• _Source data_:
——————————

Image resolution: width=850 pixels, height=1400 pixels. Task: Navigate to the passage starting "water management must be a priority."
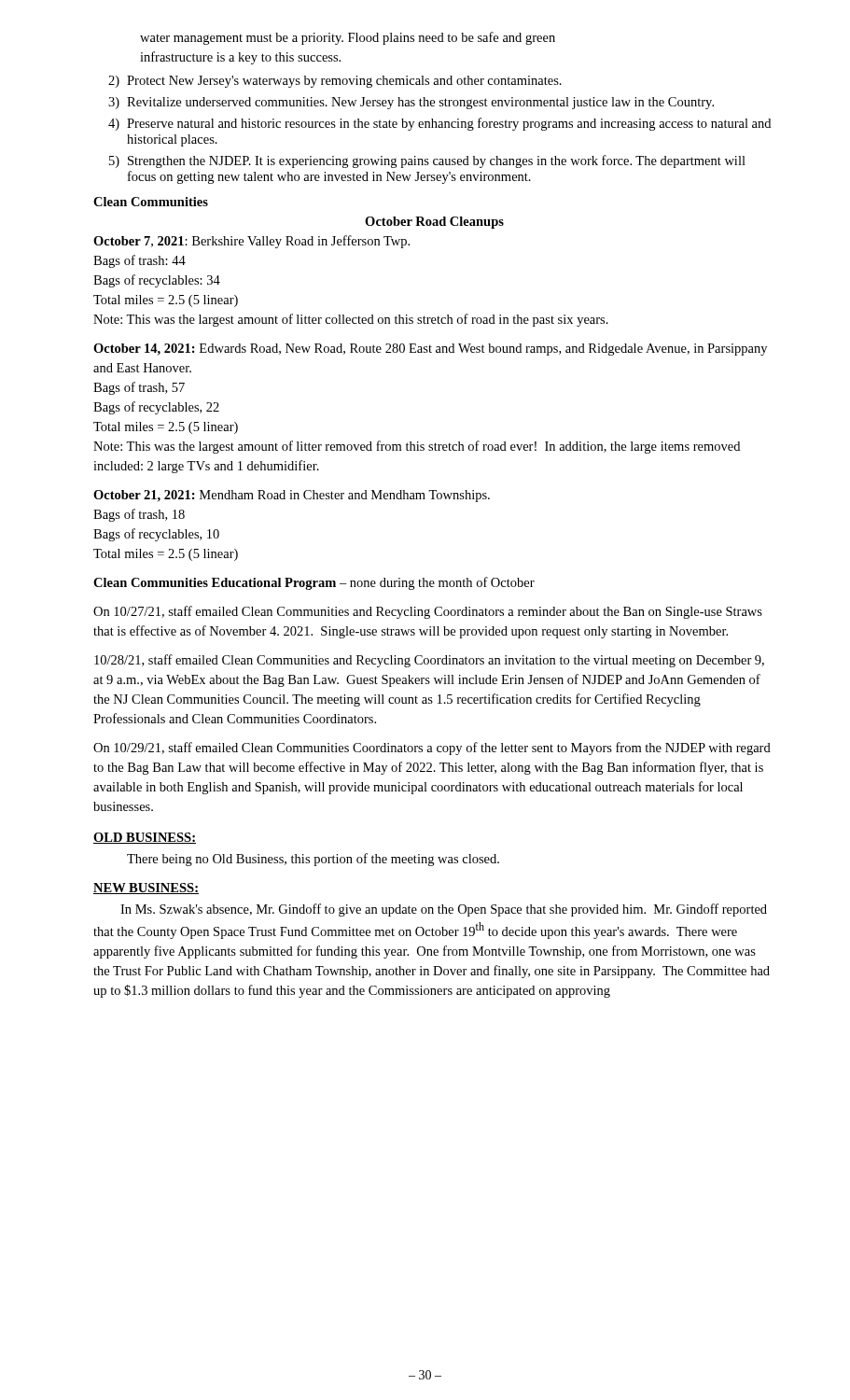coord(348,47)
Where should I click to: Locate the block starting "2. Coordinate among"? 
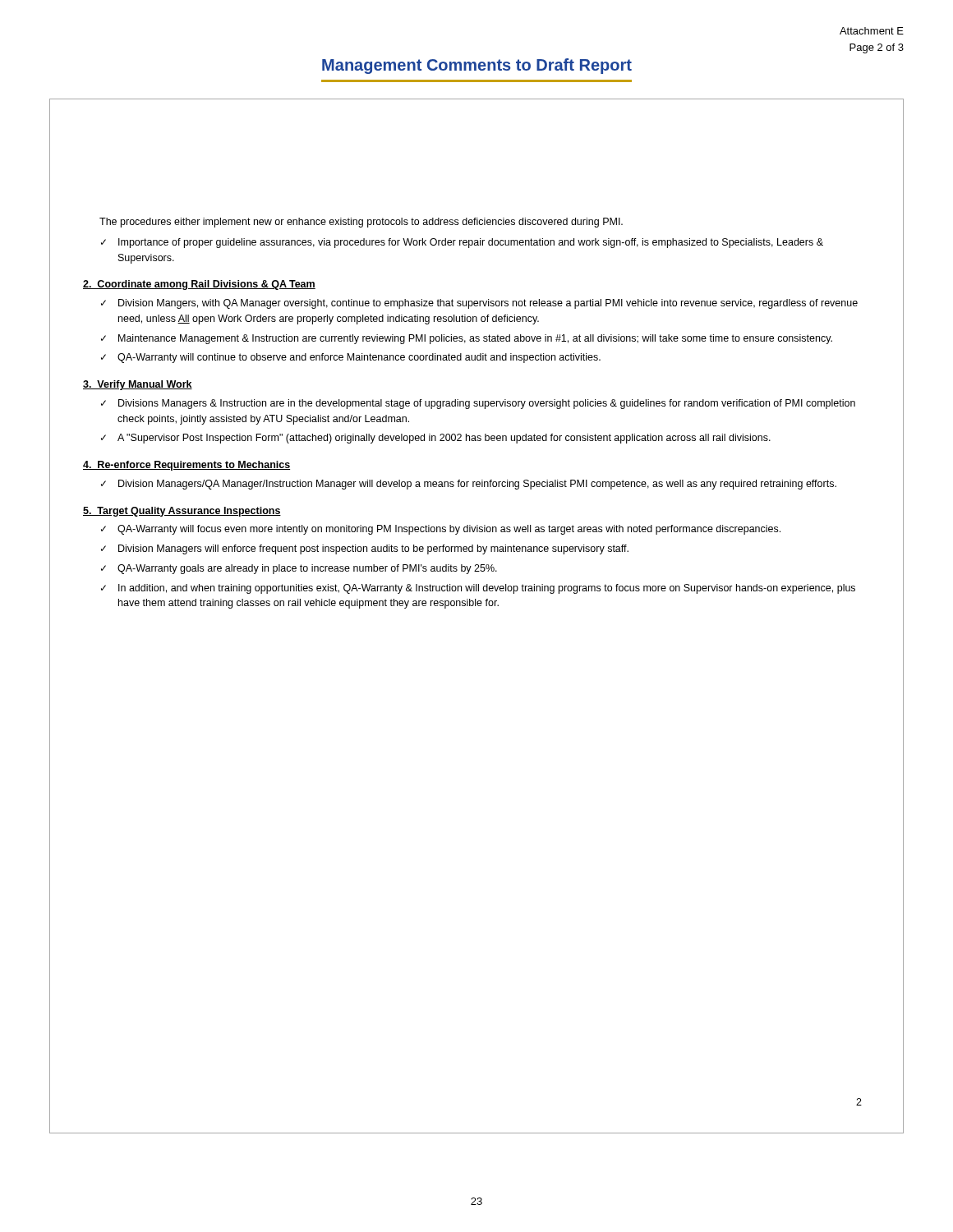[199, 284]
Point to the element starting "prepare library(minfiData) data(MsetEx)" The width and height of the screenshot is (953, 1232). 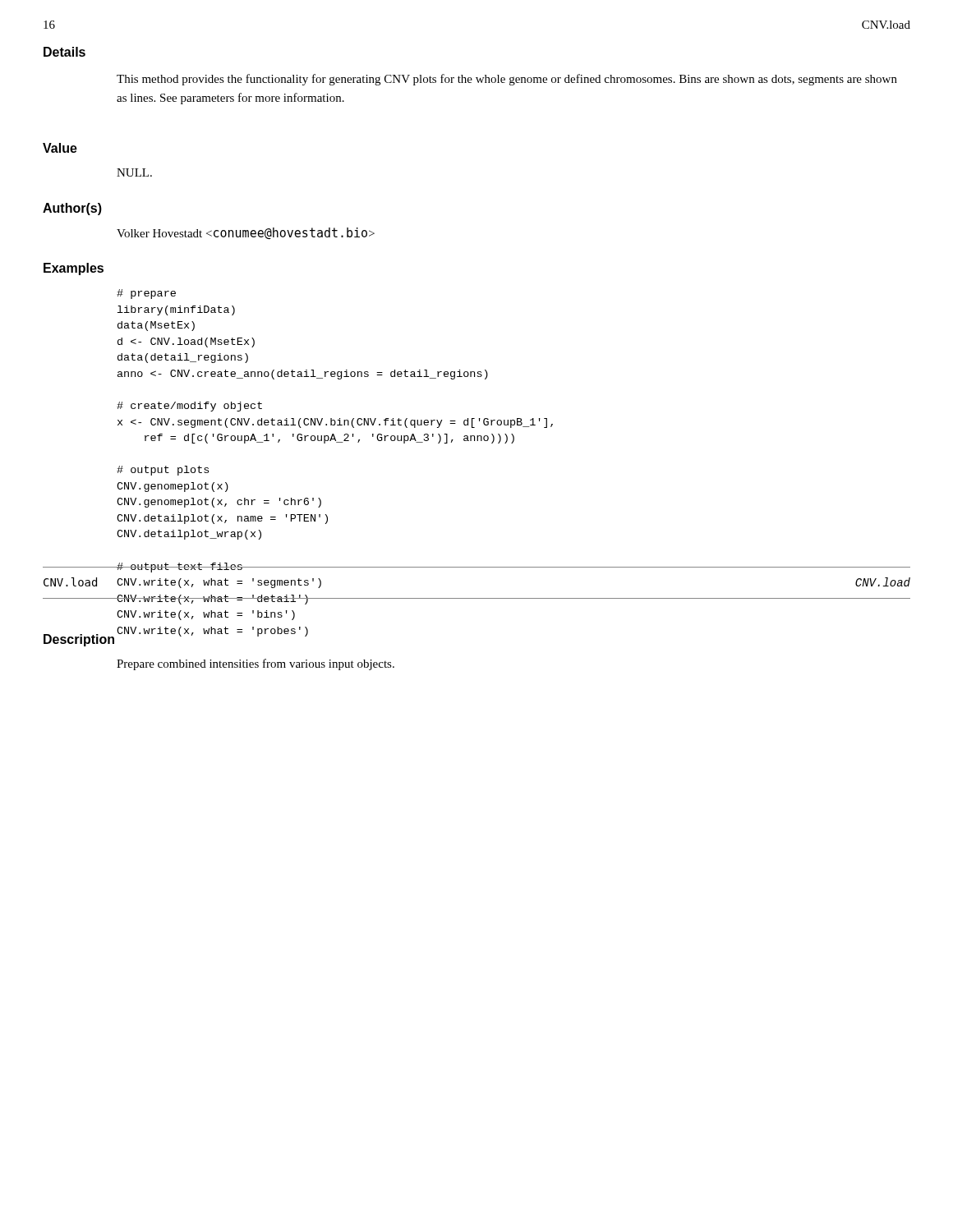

——————————

• _What the exercise asks_:
The records above need to be printed in full and exactly, without any of the pictures.

• _Solution for this problem_:
Image resolution: width=850 pixels, height=1400 pixels. Task: Navigate to the passage starting "water management must be a priority."
coord(348,47)
Where should I click to: Locate the block starting "2. Coordinate among"? 
[199, 284]
Point to the element starting "prepare library(minfiData) data(MsetEx)" The width and height of the screenshot is (953, 1232). 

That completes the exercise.